About Kelly Brogan

KELLY BROGAN, MD, is a holistic psychiatrist, author of the New York Times Bestselling book, A Mind of Your Own, Own Your Self, the children’s book, A Time For Rain, and co-editor of the landmark textbook Integrative Therapies for Depression.

When the Madness Started

“I’ve spent a lot of my life feeling sick with no real diagnosis. I have always been small, and was as a kid. My stomach always ached. I had diarrhea constantly. But it wasn’t until my episode in college that everything went downhill.” Reilly, now a 42 year old woman, is on disability and spends most of her time at home, in bed, watching tv. The “episode” in college was precipitated by a romantic breakup and use of alcohol and marijuana that led to several days of visual hallucinations and paranoia. Because of her long history of low mood, she was labeled with Bipolar disorder and started on 7 medications (yes, 7) during her first hospitalization. Since that time, she has cycled through most mood stabilizers and antipsychotics on the market and earned the new diagnosis of Schizoaffective disorder. She has slowly slipped off the ledge of her formerly functional existence, has gained 60 pounds, and has few social contacts.

Now meet Sara:

Sara lost her pregnancy weight in three weeks and felt like she could take on the world. It wasn’t until she was about nine months postpartum that she felt like she’d been hit by a truck. She was sluggish, forgetful, started to gain weight, lose hair – and not just the typical postpartum strands – and struggled to have a bowel movement even twice a week. She felt so overwhelmed that she knew something was wrong with her. In a 15 minute visit, a psychiatrist assured her he knew just what that was. He told her she has postpartum depression and gave her a prescription for Paxil. Within two weeks, she describes planning a suicide attempt. She drafted a letter, and planned to jump out of her window. She had never experienced these feelings before, and she stated, “It just suddenly made sense. I felt calm and certain about it.”

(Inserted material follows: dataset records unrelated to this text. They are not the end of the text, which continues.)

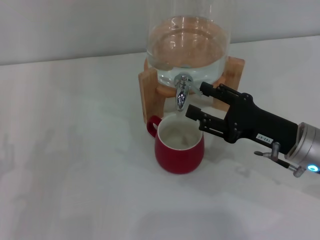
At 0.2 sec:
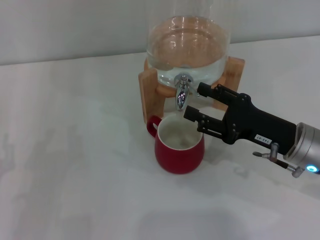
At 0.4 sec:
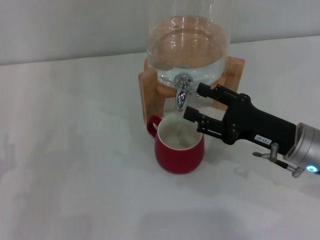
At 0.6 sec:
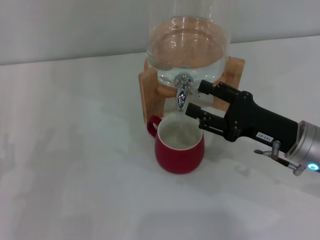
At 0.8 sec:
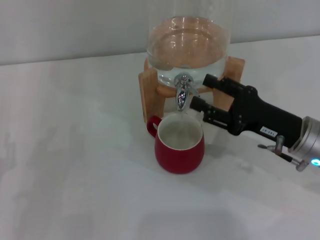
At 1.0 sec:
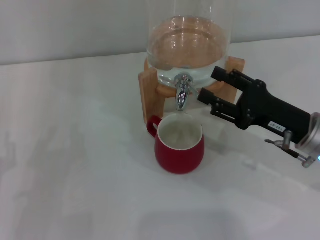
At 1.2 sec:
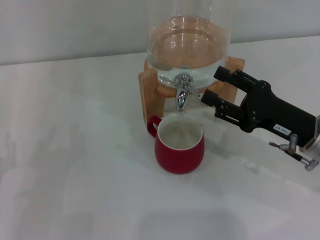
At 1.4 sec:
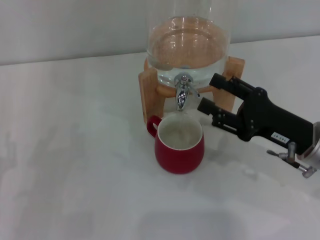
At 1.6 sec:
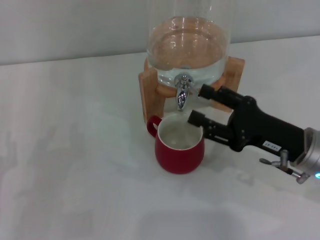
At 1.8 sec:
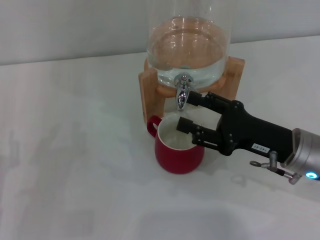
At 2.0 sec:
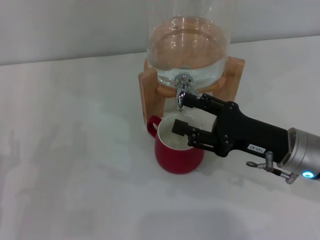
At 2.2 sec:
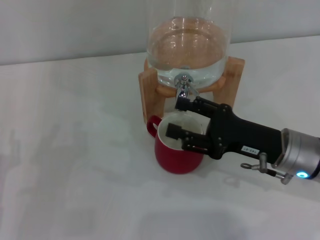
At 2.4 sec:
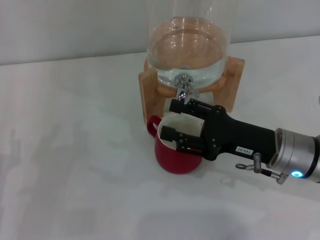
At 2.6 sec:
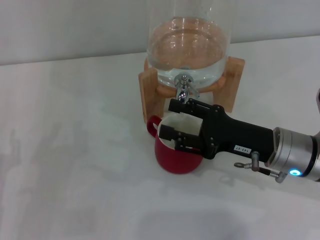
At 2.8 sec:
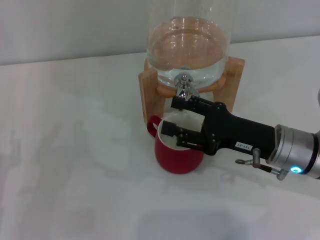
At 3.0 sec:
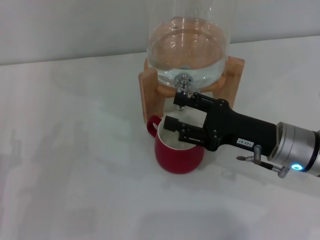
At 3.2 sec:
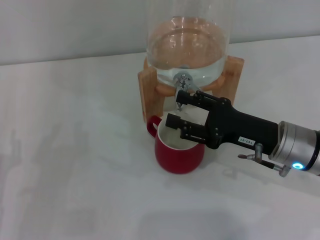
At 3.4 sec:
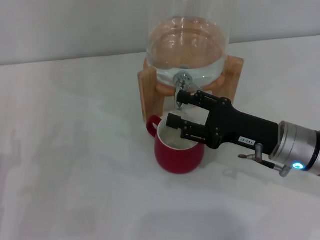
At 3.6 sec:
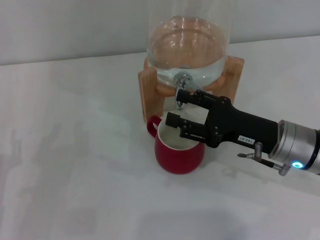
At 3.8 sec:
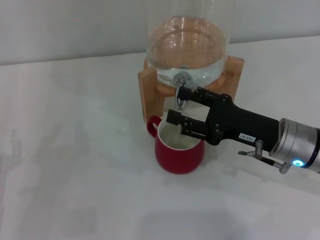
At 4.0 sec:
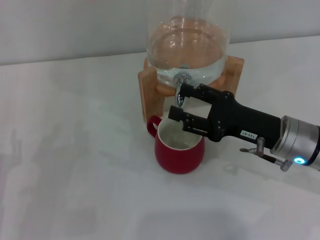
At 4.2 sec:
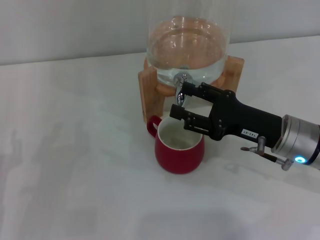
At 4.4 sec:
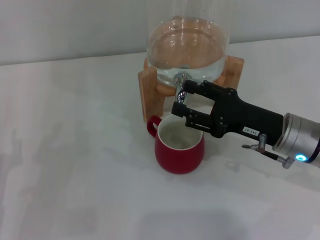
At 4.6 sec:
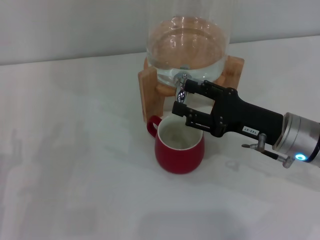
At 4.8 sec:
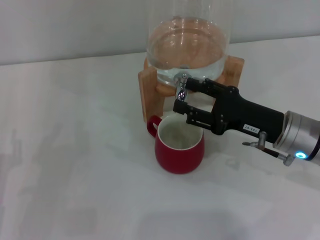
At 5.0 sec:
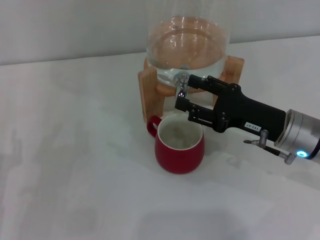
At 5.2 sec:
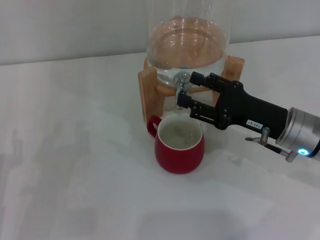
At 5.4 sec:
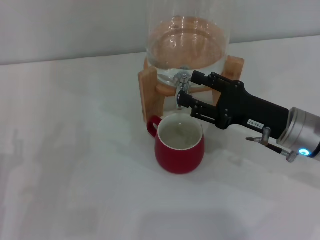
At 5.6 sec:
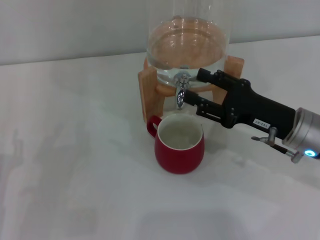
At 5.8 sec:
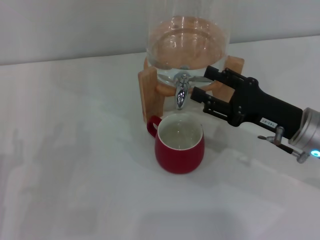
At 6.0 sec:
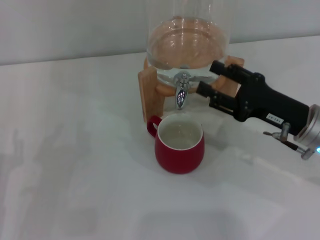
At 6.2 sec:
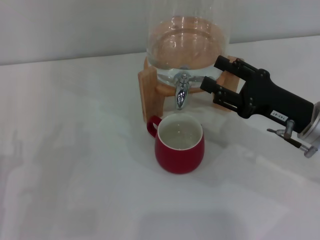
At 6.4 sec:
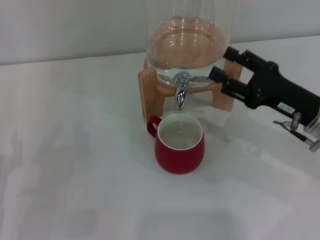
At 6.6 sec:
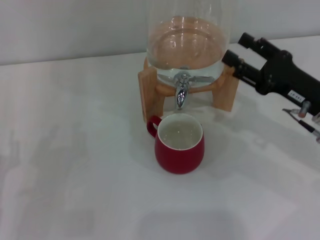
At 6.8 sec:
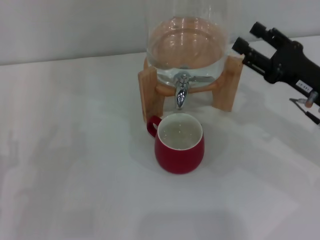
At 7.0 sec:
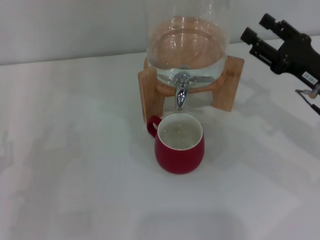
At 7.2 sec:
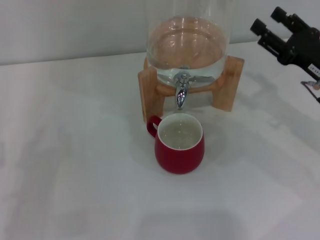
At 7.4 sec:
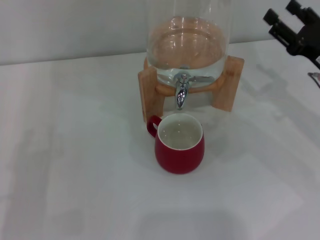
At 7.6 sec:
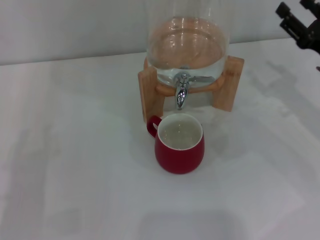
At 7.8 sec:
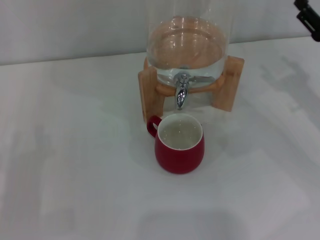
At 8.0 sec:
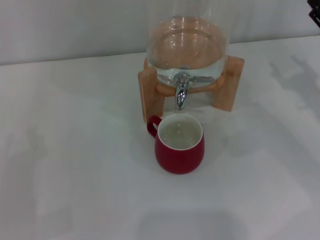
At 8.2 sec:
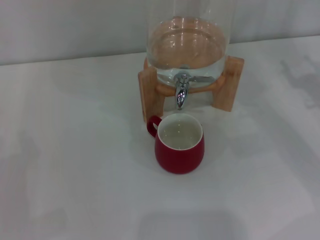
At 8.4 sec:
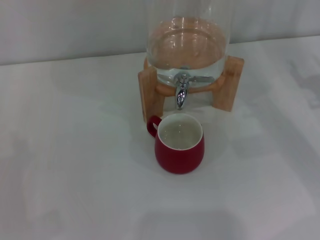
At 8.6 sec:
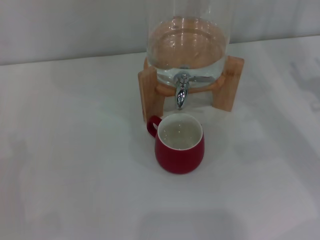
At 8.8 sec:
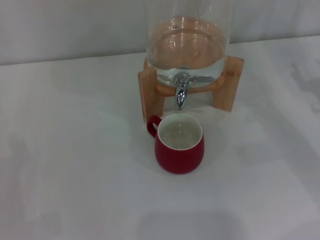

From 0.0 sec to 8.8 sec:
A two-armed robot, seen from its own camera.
Task of the whole recording: the left gripper pick up the red cup and place it horizontally under the faucet, the right gripper turn on the faucet to fill the cup, and then turn off the faucet.
Step, from 1.2 sec to 5.8 sec: Close the dispenser valve with the right gripper.
From 0.0 sec to 3.0 sec: The grippers make only small movements.
From 3.0 sec to 4.4 sec: Both grippers stay put.
From 4.4 sec to 5.8 sec: The grippers make only small movements.
From 5.8 sec to 7.4 sec: The right gripper travels to the right by about 5 cm.
From 7.4 sec to 8.8 sec: The right gripper shifts by roughly 5 cm.

A thwarted attempt, two medication changes, and three years later, she is told that she can never live life without Lexapro and Klonopin.

Entering the Mill

These and millions of other patients find themselves caught in the web of psychiatric sorcery – a spell cast, hexed, potentially for life. They are told that they have chemical imbalances. They are told that the most important thing they can do for themselves is to “take their medication,” and that they will have to do so “for life.”

A Dr. Joanna Moncreiff states:

Symbolically, medication suggests that the problem is within the brain and well-being is dependent upon maintaining ‘chemical balance’ by artificial means. This message encourages patients to view themselves as flawed and vulnerable and may explain the poor outcomes of treated depression in naturalistic studies.”

These patients have suffered a crisis of resiliency.

The stress of their life experience outpaced what their biopsychosocial resources could support. Providers are not asking WHY they became sick when they did. They are not exploring root causes. They are not discussing evidence-based alternatives to medication treatment. And they are not disclosing the long-term risks of psychotropics, including worse functional outcome and increased risk of relapse. Let alone the poor integrity, industry-funded and manipulated data that supports the approval for efficacy of these medications.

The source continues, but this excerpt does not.